* WHAT YOU ARE ASKED TO DO
The line containing "Same task for the plastic bottle [782,734,800,774]." and every line after it through the end of the records: return those exactly, and nothing more.

Dataset entries
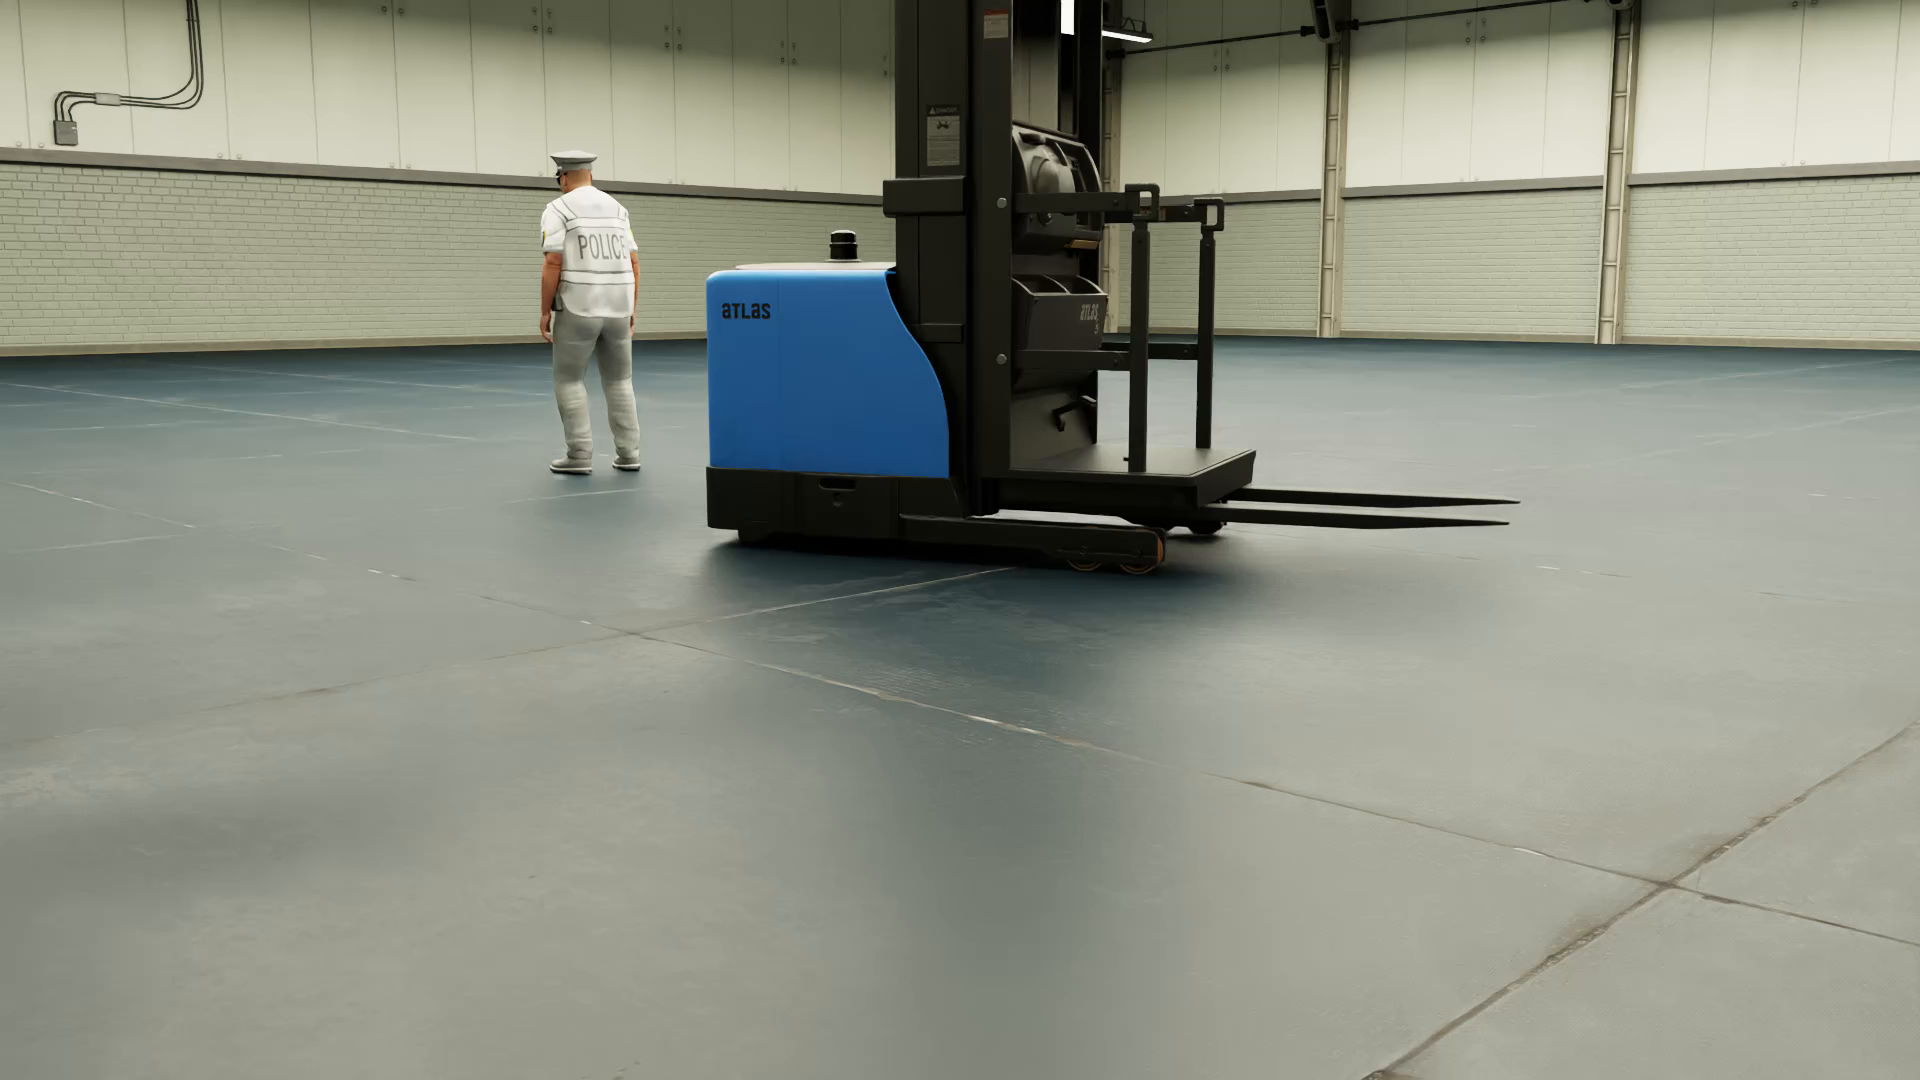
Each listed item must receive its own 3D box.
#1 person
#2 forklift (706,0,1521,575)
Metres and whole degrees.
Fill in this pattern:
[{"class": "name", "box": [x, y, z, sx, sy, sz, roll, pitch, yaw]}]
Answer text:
[{"class": "person", "box": [-2.016, -1.243, 9.104, 0.600, 1.745, 0.443, -7, 11, -40]}, {"class": "forklift", "box": [0.565, -1.416, 6.275, 3.031, 2.935, 1.130, 3, 9, 22]}]
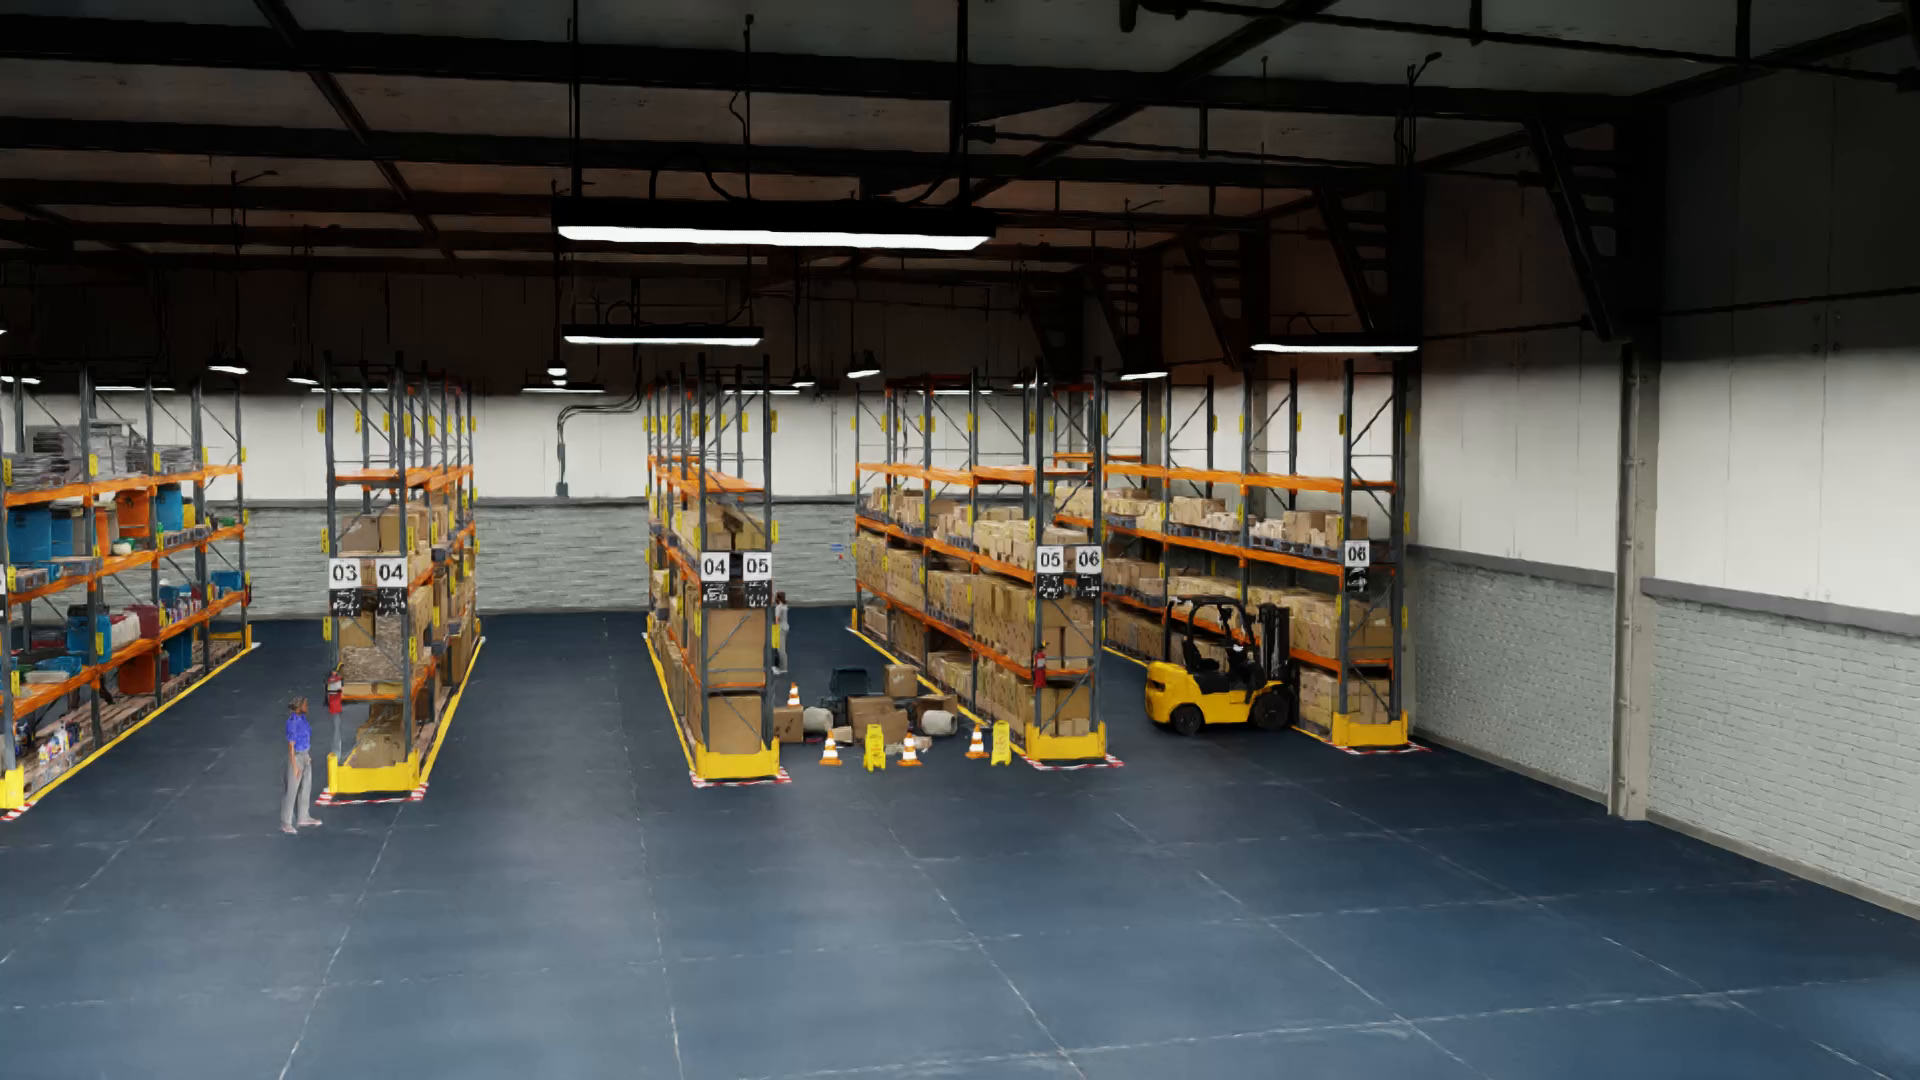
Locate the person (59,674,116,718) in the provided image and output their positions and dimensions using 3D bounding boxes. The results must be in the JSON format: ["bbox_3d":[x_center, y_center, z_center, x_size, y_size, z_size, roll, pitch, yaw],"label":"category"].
[{"bbox_3d":[-14.776,2.166,28.168,0.574,1.683,0.965,1,4,9],"label":"person"}]

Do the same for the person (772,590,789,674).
[{"bbox_3d":[-3.648,1.830,33.403,0.477,1.675,0.487,1,4,17],"label":"person"}]

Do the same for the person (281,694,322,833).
[{"bbox_3d":[-8.166,2.733,20.523,0.386,1.665,0.564,0,4,0],"label":"person"}]

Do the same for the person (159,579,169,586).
[{"bbox_3d":[-16.966,1.671,35.508,0.571,1.706,1.043,0,4,-4],"label":"person"}]
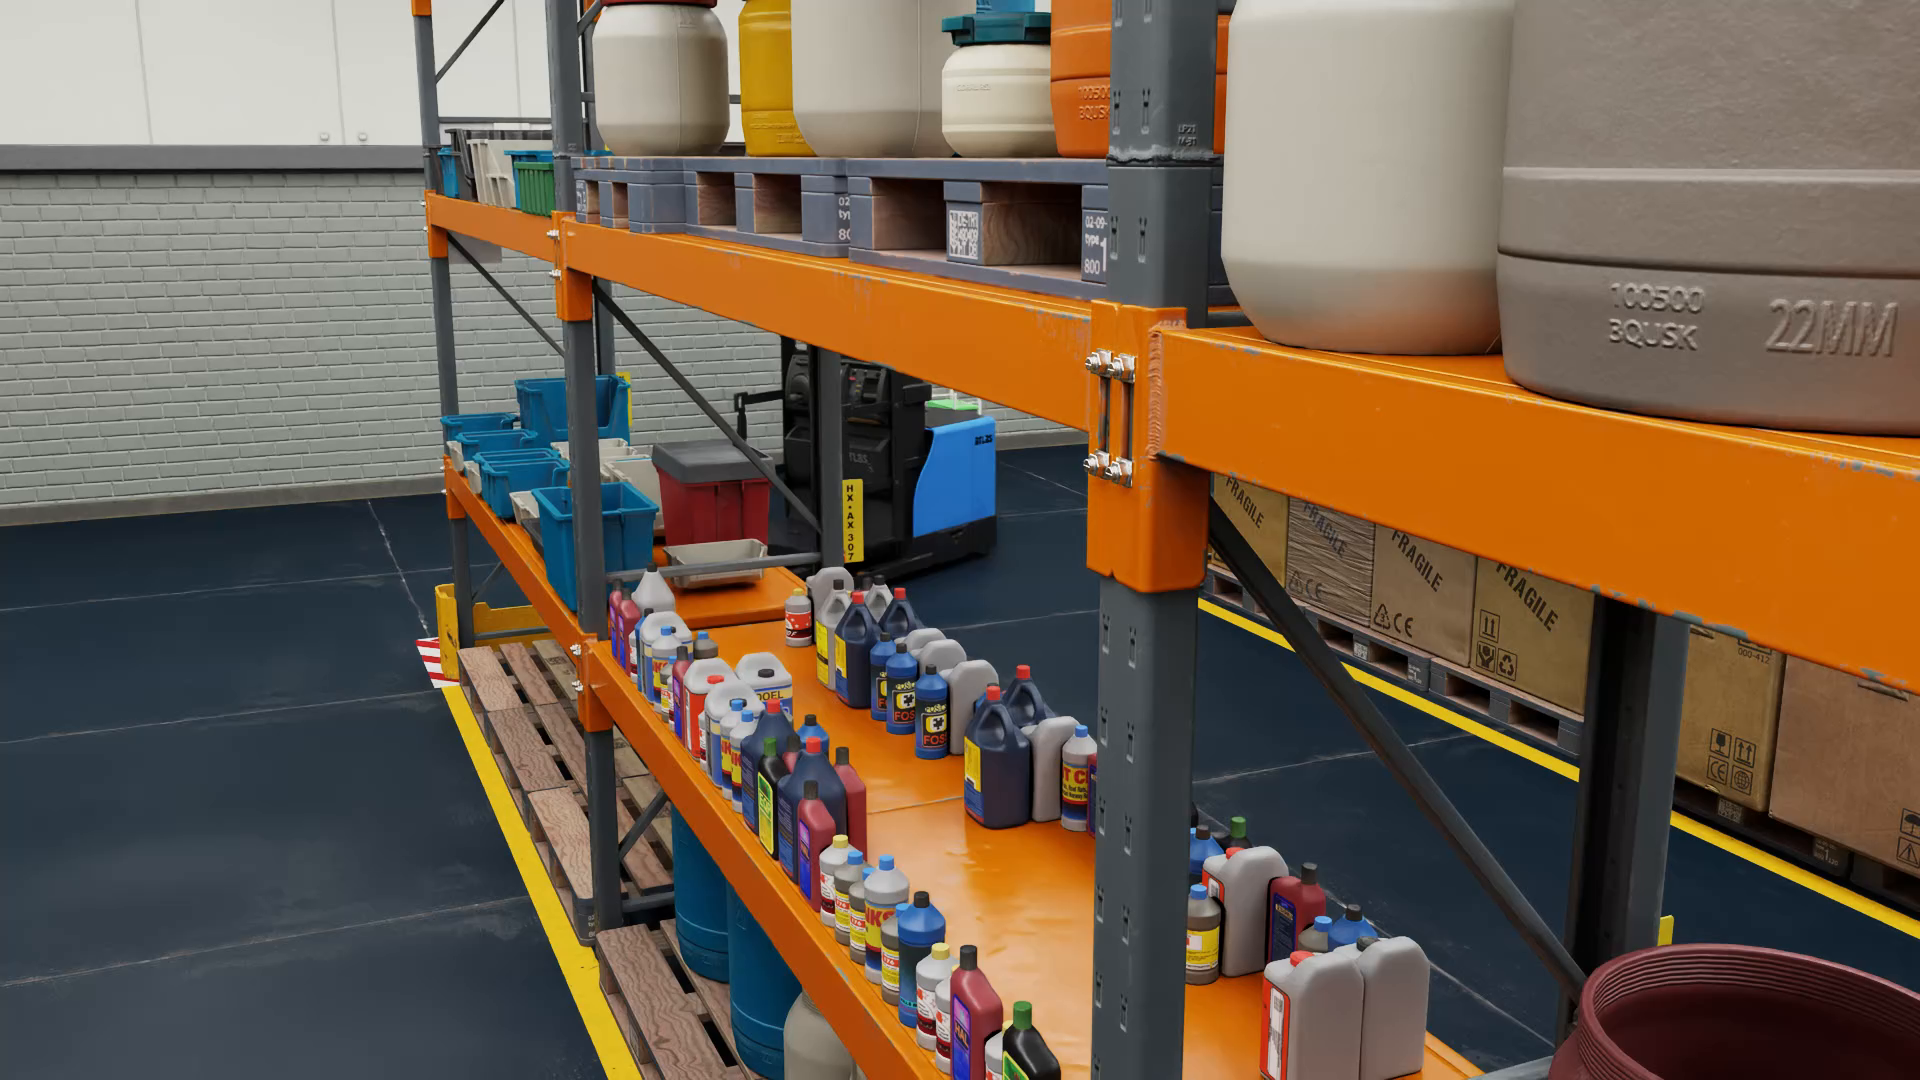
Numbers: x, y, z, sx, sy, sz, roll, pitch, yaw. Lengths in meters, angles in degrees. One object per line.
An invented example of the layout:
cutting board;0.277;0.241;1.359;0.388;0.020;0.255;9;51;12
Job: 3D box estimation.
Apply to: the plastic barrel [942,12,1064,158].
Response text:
plastic barrel;0.112;-0.869;3.195;0.301;0.262;0.301;0;13;0

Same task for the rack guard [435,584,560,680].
rack guard;-2.550;0.499;10.105;1.175;0.500;0.348;-6;14;-23

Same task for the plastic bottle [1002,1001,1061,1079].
plastic bottle;0.123;0.950;2.873;0.061;0.283;0.133;-6;14;-23

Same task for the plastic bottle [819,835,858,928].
plastic bottle;-0.272;0.776;3.807;0.097;0.201;0.097;0;13;0

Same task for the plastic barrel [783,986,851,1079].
plastic barrel;-0.296;1.504;4.806;0.421;0.512;0.421;0;13;0

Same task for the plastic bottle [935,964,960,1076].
plastic bottle;0.001;0.916;3.199;0.097;0.201;0.097;0;13;0

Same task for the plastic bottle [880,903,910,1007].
plastic bottle;-0.116;0.856;3.459;0.097;0.201;0.097;0;13;0

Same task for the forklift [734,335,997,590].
forklift;-1.015;-1.135;11.776;1.130;2.935;3.031;10;16;37

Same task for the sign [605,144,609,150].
sign;-2.031;-2.178;9.710;0.100;0.325;0.005;-6;14;-23

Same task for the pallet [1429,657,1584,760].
pallet;3.379;0.858;9.193;1.003;0.211;1.213;-6;14;-23

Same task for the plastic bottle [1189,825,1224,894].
plastic bottle;0.536;0.765;3.696;0.097;0.271;0.097;0;13;0

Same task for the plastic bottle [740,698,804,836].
plastic bottle;-0.488;0.578;4.328;0.144;0.351;0.185;-6;14;-23

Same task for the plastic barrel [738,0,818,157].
plastic barrel;-0.375;-1.476;5.094;0.600;0.588;0.600;0;13;0

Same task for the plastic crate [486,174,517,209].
plastic crate;-1.785;-1.450;6.914;0.293;0.136;0.466;-6;14;-23

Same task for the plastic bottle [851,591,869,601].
plastic bottle;-0.326;0.300;5.698;0.152;0.276;0.135;-6;14;-23

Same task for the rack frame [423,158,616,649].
rack frame;-2.529;-0.715;9.807;1.000;3.000;0.127;-6;14;-23

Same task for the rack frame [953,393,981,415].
rack frame;0.058;-0.575;13.194;0.240;1.200;0.015;-7;15;-27

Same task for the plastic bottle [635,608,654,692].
plastic bottle;-1.015;0.358;5.455;0.097;0.271;0.097;0;13;0

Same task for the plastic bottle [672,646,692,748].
plastic bottle;-0.815;0.466;4.963;0.061;0.283;0.133;-6;14;-23

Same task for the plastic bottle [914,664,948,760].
plastic bottle;-0.084;0.497;4.856;0.097;0.271;0.097;0;13;0

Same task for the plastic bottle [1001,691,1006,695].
plastic bottle;0.157;0.520;4.731;0.061;0.283;0.133;-6;14;-23

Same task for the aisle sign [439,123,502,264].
aisle sign;-2.830;-1.970;9.462;0.394;0.787;0.004;-6;14;-23

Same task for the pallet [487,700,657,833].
pallet;-1.749;1.069;8.283;1.003;0.211;1.213;-6;14;-23

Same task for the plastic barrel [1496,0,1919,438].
plastic barrel;0.806;-0.579;1.453;0.600;0.901;0.600;0;13;0

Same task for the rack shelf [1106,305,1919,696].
rack shelf;1.477;0.240;0.623;1.077;0.370;4.000;-6;14;-23

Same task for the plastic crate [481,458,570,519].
plastic crate;-2.084;-0.248;8.027;0.416;0.233;0.300;-6;14;-23

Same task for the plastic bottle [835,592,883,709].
plastic bottle;-0.317;0.347;5.328;0.144;0.351;0.185;-6;14;-23

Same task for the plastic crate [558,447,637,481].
plastic crate;-1.934;-0.402;8.908;0.396;0.136;0.243;-6;14;-23

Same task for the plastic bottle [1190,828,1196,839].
plastic bottle;0.538;0.766;3.847;0.097;0.201;0.097;0;13;0

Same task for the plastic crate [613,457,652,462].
plastic crate;-1.471;-0.262;8.086;0.416;0.233;0.300;-6;14;-23

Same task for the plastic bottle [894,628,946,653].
plastic bottle;-0.124;0.404;5.248;0.152;0.276;0.135;-6;14;-23

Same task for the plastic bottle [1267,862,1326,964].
plastic bottle;0.709;0.804;3.502;0.061;0.283;0.133;-6;14;-23

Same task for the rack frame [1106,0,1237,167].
rack frame;0.676;-1.985;1.989;1.000;3.000;0.127;-6;14;-23

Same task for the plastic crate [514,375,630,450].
plastic crate;-2.224;-0.709;9.570;0.616;0.435;0.499;-6;14;-23

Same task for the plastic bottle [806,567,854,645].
plastic bottle;-0.473;0.224;6.024;0.152;0.276;0.135;-6;14;-23

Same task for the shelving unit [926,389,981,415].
shelving unit;-0.053;-0.624;13.406;0.258;1.200;0.503;-7;15;-27

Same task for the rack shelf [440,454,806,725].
rack shelf;-1.728;0.049;8.103;1.077;0.370;4.000;-6;14;-23

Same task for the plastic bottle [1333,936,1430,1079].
plastic bottle;0.798;0.880;3.192;0.152;0.276;0.135;-6;14;-23

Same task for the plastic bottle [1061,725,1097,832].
plastic bottle;0.314;0.617;4.338;0.097;0.271;0.097;0;13;0

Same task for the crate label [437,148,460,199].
crate label;-2.455;-1.884;8.536;0.408;0.251;0.502;-6;14;-23

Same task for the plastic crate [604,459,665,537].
plastic crate;-1.370;-0.192;7.678;0.437;0.282;0.530;-6;14;-23

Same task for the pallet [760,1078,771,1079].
pallet;-0.163;1.886;4.755;1.003;0.211;1.213;-6;14;-23

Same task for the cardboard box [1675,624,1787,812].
cardboard box;3.886;0.625;7.798;1.225;0.875;0.875;-6;14;-23

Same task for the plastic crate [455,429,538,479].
plastic crate;-2.468;-0.446;8.882;0.416;0.233;0.300;-6;14;-23

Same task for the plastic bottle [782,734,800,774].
plastic bottle;-0.407;0.642;4.201;0.061;0.283;0.133;-6;14;-23

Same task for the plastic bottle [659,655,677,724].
plastic bottle;-0.883;0.460;5.169;0.097;0.201;0.097;0;13;0

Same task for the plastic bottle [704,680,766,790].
plastic bottle;-0.627;0.541;4.655;0.152;0.276;0.135;-6;14;-23

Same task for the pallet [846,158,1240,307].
pallet;0.459;-0.598;3.070;1.003;0.211;1.213;-6;14;-23

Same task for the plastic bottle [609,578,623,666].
plastic bottle;-1.171;0.283;5.755;0.061;0.283;0.133;-6;14;-23

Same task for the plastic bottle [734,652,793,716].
plastic bottle;-0.580;0.479;4.921;0.152;0.276;0.135;-6;14;-23

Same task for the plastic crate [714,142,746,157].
plastic crate;-1.173;-1.568;7.129;0.497;0.269;0.590;-6;14;-23

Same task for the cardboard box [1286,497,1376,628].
cardboard box;2.703;-0.019;10.580;0.875;0.875;0.875;-6;14;-23

* YOUR RESPONSE
Same task for the plastic bottle [782,734,800,774].
plastic bottle;-0.407;0.642;4.201;0.061;0.283;0.133;-6;14;-23

Same task for the plastic bottle [659,655,677,724].
plastic bottle;-0.883;0.460;5.169;0.097;0.201;0.097;0;13;0

Same task for the plastic bottle [704,680,766,790].
plastic bottle;-0.627;0.541;4.655;0.152;0.276;0.135;-6;14;-23

Same task for the pallet [846,158,1240,307].
pallet;0.459;-0.598;3.070;1.003;0.211;1.213;-6;14;-23

Same task for the plastic bottle [609,578,623,666].
plastic bottle;-1.171;0.283;5.755;0.061;0.283;0.133;-6;14;-23

Same task for the plastic bottle [734,652,793,716].
plastic bottle;-0.580;0.479;4.921;0.152;0.276;0.135;-6;14;-23

Same task for the plastic crate [714,142,746,157].
plastic crate;-1.173;-1.568;7.129;0.497;0.269;0.590;-6;14;-23

Same task for the cardboard box [1286,497,1376,628].
cardboard box;2.703;-0.019;10.580;0.875;0.875;0.875;-6;14;-23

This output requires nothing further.